Stored data
---*---
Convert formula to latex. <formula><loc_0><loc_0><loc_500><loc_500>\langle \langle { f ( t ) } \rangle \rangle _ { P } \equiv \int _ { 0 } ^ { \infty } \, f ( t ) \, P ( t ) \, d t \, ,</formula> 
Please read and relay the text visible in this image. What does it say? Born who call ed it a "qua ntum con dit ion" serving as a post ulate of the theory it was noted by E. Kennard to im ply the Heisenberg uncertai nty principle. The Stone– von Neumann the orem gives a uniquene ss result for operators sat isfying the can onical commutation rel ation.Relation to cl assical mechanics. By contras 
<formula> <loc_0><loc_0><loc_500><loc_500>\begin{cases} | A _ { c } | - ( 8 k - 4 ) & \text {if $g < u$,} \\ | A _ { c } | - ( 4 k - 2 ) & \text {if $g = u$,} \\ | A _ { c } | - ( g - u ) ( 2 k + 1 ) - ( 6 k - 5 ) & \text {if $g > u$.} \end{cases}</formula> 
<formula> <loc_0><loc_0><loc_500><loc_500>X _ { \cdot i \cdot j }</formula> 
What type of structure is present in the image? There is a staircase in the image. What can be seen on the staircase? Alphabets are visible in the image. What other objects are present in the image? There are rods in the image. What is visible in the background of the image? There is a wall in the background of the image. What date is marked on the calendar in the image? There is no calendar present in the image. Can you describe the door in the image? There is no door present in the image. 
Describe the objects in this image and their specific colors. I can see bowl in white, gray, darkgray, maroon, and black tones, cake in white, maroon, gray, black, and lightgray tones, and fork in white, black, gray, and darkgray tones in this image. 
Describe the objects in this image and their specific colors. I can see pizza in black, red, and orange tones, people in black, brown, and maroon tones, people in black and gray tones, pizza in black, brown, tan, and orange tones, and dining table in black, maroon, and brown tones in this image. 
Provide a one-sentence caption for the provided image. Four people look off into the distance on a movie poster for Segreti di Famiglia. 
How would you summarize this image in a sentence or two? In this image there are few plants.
---*---
◆ **Exercise requirements**: Give back exactly the lines from the first line of the records through the line holding "Please read and", including both of those lines and leaving out all others.

◆ **Answer to the exercise**:
Convert formula to latex. <formula><loc_0><loc_0><loc_500><loc_500>\langle \langle { f ( t ) } \rangle \rangle _ { P } \equiv \int _ { 0 } ^ { \infty } \, f ( t ) \, P ( t ) \, d t \, ,</formula> 
Please read and relay the text visible in this image. What does it say? Born who call ed it a "qua ntum con dit ion" serving as a post ulate of the theory it was noted by E. Kennard to im ply the Heisenberg uncertai nty principle. The Stone– von Neumann the orem gives a uniquene ss result for operators sat isfying the can onical commutation rel ation.Relation to cl assical mechanics. By contras 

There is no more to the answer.